Rufus Gifford, who led fundraising for the re-election campaign and the inaugural committee, received $21,521 during the final five weeks of 2012, more than any other campaign aide.
The president’s debts included $300,000 to campaign strategist David Axelrod and $153,432 to the political consulting firm Axelrod started, $866,216 for media production, and $254,707 to the Democratic National Committee for telemarketing.
Romney, 65, reported $4.7 million in receipts from Nov. 27 to Dec. 31. He paid off the remaining $1.2 million of $20 million his campaign borrowed before the Republican National Convention in August and secured by donations to his general-election bid. The campaign reported owing $825,749 to a telemarketing company.
It can take years for unsuccessful presidential candidates to clear their debts, if they do so at all. Secretary of State Hillary Clinton recently paid off what she owed from her unsuccessful 2008 Democratic presidential primary campaign. As of Sept. 30, former New York City Mayor Rudy Giuliani, who sought the Republican nomination the same year, still had creditors waiting to be paid.
In his fundraising, Romney had help from 54 lobbyists who reported raising $12 million from July 1 to Dec. 31 for a joint effort with the Republican National Committee and state parties. The list included leaders of major trade groups, including John Castellani, president of the Pharmaceutical Research and Manufacturers of America; Bill Graves, president of the American Trucking Associations; and Jay Timmons, president of the National Association of Manufacturers.
One of the Republicans vanquished by Romney during the party’s primaries, former House Speaker Newt Gingrich, reported owing $4.7 million at the end of 2012, including almost $650,000 to himself, FEC filings show.
Gingrich raised $24.8 million for his campaign, including $151,814 in individual donations during the last three months of 2012, most of which was in amounts of $200 or less. Gingrich won two primaries and officially ended his self-described “wild ride” presidential bid in early May.
His campaign committee was paid $320,167 by a direct-mail firm renting his mailing list. Gingrich, 69, ended 2012 with $75,046 in his campaign bank account.
In addition to the $647,519 owed to Gingrich for travel costs, his campaign’s other debts included $991,072 to Moby Dick Airways, an air charter company; $35,000 to a former House colleague, J.C. Watts of Oklahoma, for consulting; and $16,526 to another unsuccessful Republican presidential candidate, businessman Herman Cain, for consulting and travel.

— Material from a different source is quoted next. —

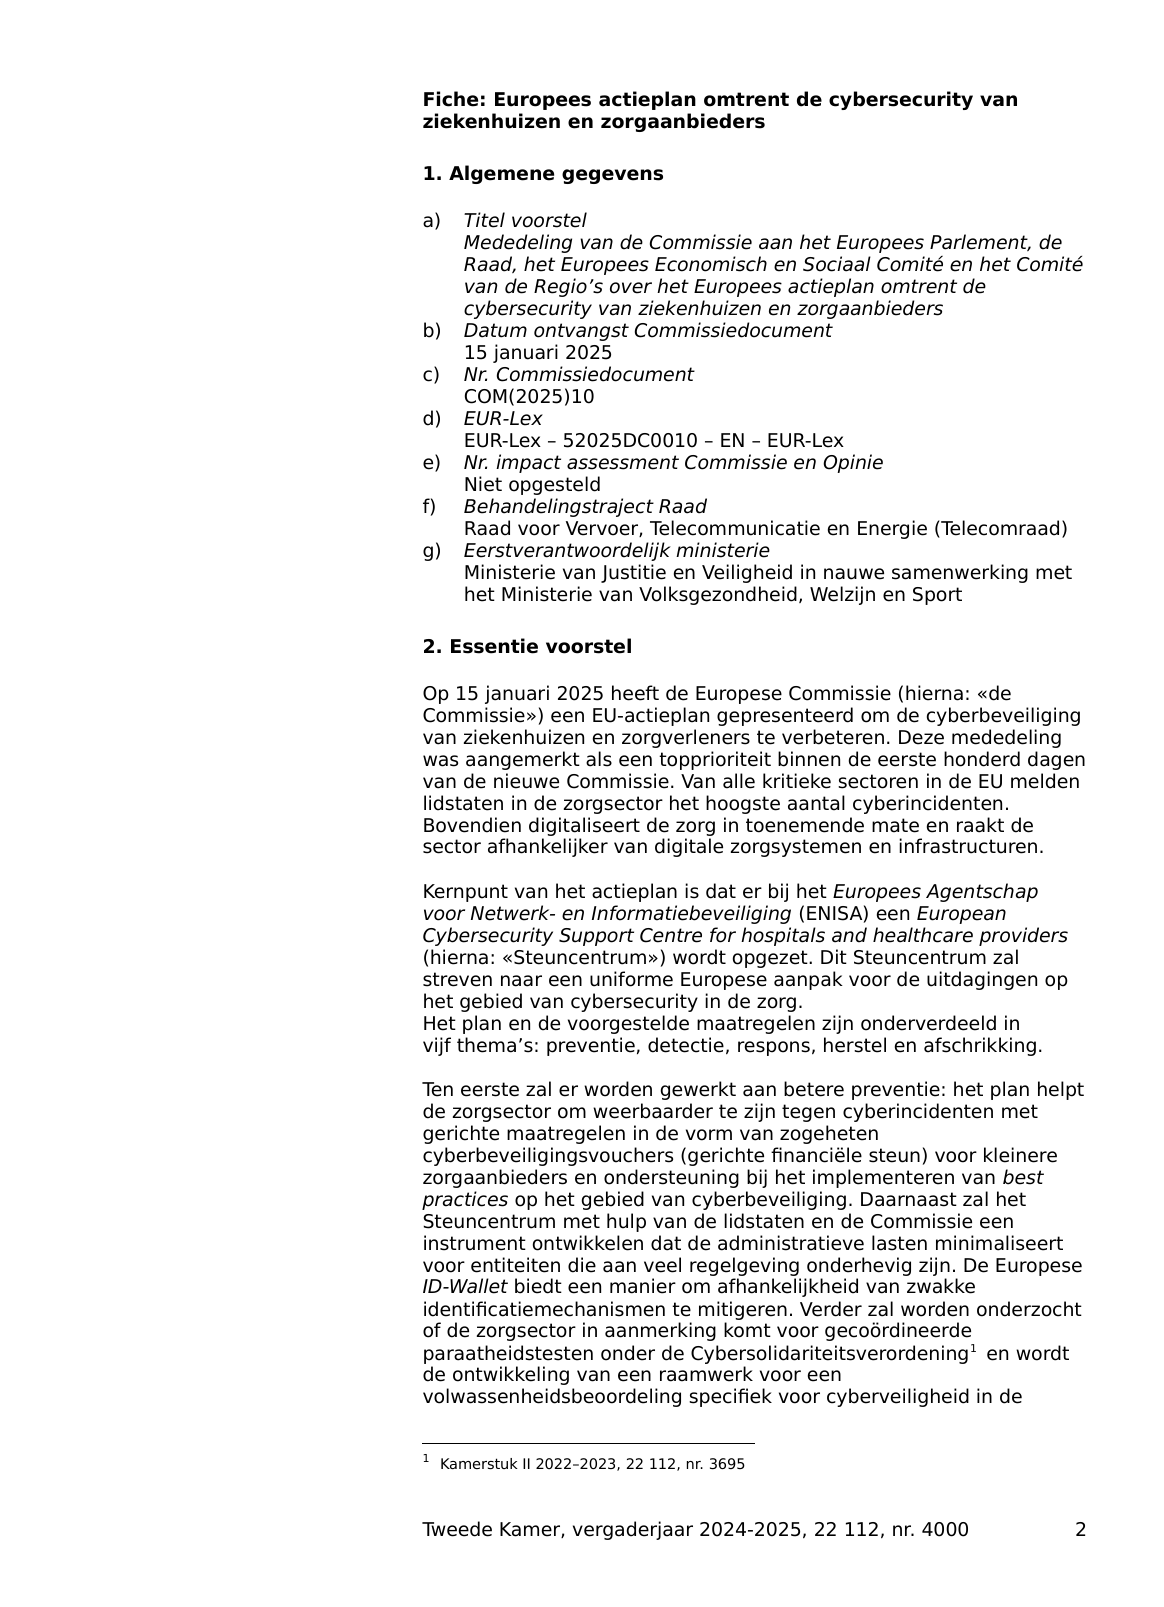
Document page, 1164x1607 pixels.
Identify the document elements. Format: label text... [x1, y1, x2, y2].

Cain endorsed Gingrich, a fellow Georgian, for president after ending his own candidacy in late 2011.
Cain reported $450,000 in debts, all to himself. He reported loans of $275,000 and unpaid travel expenses of $175,000. The businessman raised $16.9 million for his campaign and had $4,117 cash-on-hand at the end of December.
Former U.S. Senator Rick Santorum of Pennsylvania, who owed $2.3 million after leaving the presidential race in April, pared down his campaign debt to $732,035, according to the FEC.
Santorum still owed $482,988 to his former chief strategist, John Brabender, and $15,000 for sponsoring Tony Raines’s Ford Fusion in Nascar’s Daytona 500 auto race in Florida last February. The race car, with Santorum’s campaign logo adorning the hood, finished 19th.
Santorum’s campaign treasury ended 2012 with $126,274 in the bank; he raised $23.6 million for his candidacy. The FEC filings show he rented out his mailing list, earning $100,000 from his own leadership political action committee and $294,608 from an outside firm.
The Republican National Committee, which reported owing $21.1 million at the start of 2011, entered 2013 with a bank balance of $4.8 million and no debts. The committee raised $390 million for the 2012 election. The Democratic National Committee finished last year $21.5 million in debt after raising $290 million. The party had $4.3 million in the bank.